国際原子力機関(IAEA)は22日、日本の原子力規制委員会の活動を検証する報告書を公表した。独立性、透明性の確保や権限強化を評価する一方、原子力施設の検査がより柔軟かつ効果的に進められるよう、関連法令を改正することなどを求めた。国内では原子力発電所の再稼働が進みつつあり、規制委も専門性の向上に取り組む必要があると指摘した。
東京電力福島第1原発事故によって信頼が失墜し、体制を刷新した日本の原子力規制に対する初の国際的な評価となる。IAEAの総合規制評価制度に基づき、各国の原子力規制当局の責任者ら24人が検証にあたった。
報告書では「福島第1事故の教訓を新たな規制の枠組みに迅速かつ実効的に反映させた」と指摘。
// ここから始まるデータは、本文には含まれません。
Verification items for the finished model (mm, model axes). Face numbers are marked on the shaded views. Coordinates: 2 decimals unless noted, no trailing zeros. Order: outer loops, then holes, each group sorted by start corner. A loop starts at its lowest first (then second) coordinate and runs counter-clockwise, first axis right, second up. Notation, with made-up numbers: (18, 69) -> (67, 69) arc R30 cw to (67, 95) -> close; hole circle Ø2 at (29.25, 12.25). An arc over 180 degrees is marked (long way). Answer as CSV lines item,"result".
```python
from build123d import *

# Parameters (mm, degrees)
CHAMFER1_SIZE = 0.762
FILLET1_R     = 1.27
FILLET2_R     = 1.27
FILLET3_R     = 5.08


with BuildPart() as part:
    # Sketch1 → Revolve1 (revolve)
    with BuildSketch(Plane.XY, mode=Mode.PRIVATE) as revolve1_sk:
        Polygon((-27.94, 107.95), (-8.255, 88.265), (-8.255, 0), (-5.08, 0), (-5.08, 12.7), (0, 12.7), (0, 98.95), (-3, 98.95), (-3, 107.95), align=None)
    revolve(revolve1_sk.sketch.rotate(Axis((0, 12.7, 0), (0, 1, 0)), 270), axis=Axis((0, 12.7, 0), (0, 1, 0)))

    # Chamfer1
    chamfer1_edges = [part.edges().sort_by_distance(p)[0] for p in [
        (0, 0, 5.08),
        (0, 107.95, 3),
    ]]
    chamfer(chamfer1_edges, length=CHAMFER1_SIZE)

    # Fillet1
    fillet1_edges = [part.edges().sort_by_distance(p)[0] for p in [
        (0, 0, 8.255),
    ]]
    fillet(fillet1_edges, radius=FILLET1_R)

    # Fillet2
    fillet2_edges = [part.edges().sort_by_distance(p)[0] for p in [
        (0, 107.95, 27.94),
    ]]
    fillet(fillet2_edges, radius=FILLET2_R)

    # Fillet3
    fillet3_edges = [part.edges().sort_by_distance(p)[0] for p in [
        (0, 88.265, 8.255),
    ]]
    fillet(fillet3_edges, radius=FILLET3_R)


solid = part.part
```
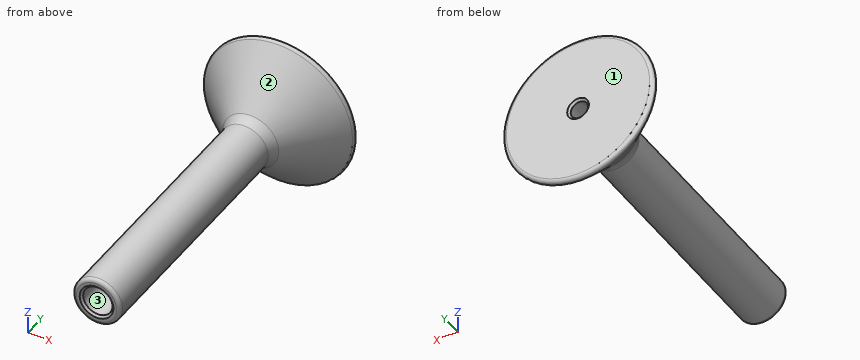
Item 1: Thickness scan on line 1 (X direction, y = 3.5, z = 0) (3 decimals); line 2 (X direction, y = 4, z = -3); line 3 (X direction, y = 55, z = 0.5). Record the ranges inside material, lowest first.
Answer list:
line 1,"-8.255 to -5.08, 5.08 to 8.255"
line 2,"-7.69 to -4.1, 4.1 to 7.69"
line 3,"-8.24 to 8.24"
Item 2: Depth check by flat-ended pin: pin 1 Ø2 at (x, y) = (1.5, 62) entering from +Z; pin 2 Ø12 at (x, y) = (8.5, 79.5) entering from -Z; pin 3 Ø2 at (x, z) = (16, 6) entering from -Y. Enter the tip coordinate at first touch or a pass-through.
Answer list:
pin 1,"z = 8.24"
pin 2,"z = -7.87"
pin 3,"y = 96.1"
Item 3: Release check for a two-part mould opening along Z. For the marked faces 1, 2 and 3 record: +Z half, -Z half, draft (parallel to the pull), parting line (faces both ways), or undercut.
Answer list:
face 1,"draft"
face 2,"parting line"
face 3,"undercut"
Item 4: Section check A-A, the plane y = 79. Record the boundary of the cut face in (x, z) (3 decimals).
Answer list:
outline,"circle Ø16.51 at (0, 0)"

自然災害や重大事故への対策強化を課す新規制基準の導入などを評価した。意思決定の独立性や透明性の確保において「(必要な)法的枠組みの構築や国家組織上の位置付けを行った」とした。
原発などを対象とする検査については課題を指摘した。原子炉等規制法に基づいて四半期ごとに実施される保安検査などは、定型的な項目チェックにとどまる傾向がある。海外のトラブル事例なども考慮してリスクや重要度を判断し、機動的かつ柔軟に検査できるよう、法令の改正を求めた。
調査チームのリーダー、仏原子力安全局コミッショナーのフィリップ・ジャメ氏は、今後についても「これまでと同等の責任感を持って(活動を)継続する必要がある」と注文をつけた。
▼IAEAの総合規制評価 国際原子力機関(IAEA)が原子力施設の安全にかかわる加盟国の規制や体制を検証する制度。各国の規制当局関係者が参加し、毎年数カ国を対象に実施。課題があれば勧告や助言を通じて是正を求め、改善の状況も確認する。日本は経済産業省の原子力安全・保安院が2007年に評価を受け、規制機関の独立を徹底する必要性を指摘された。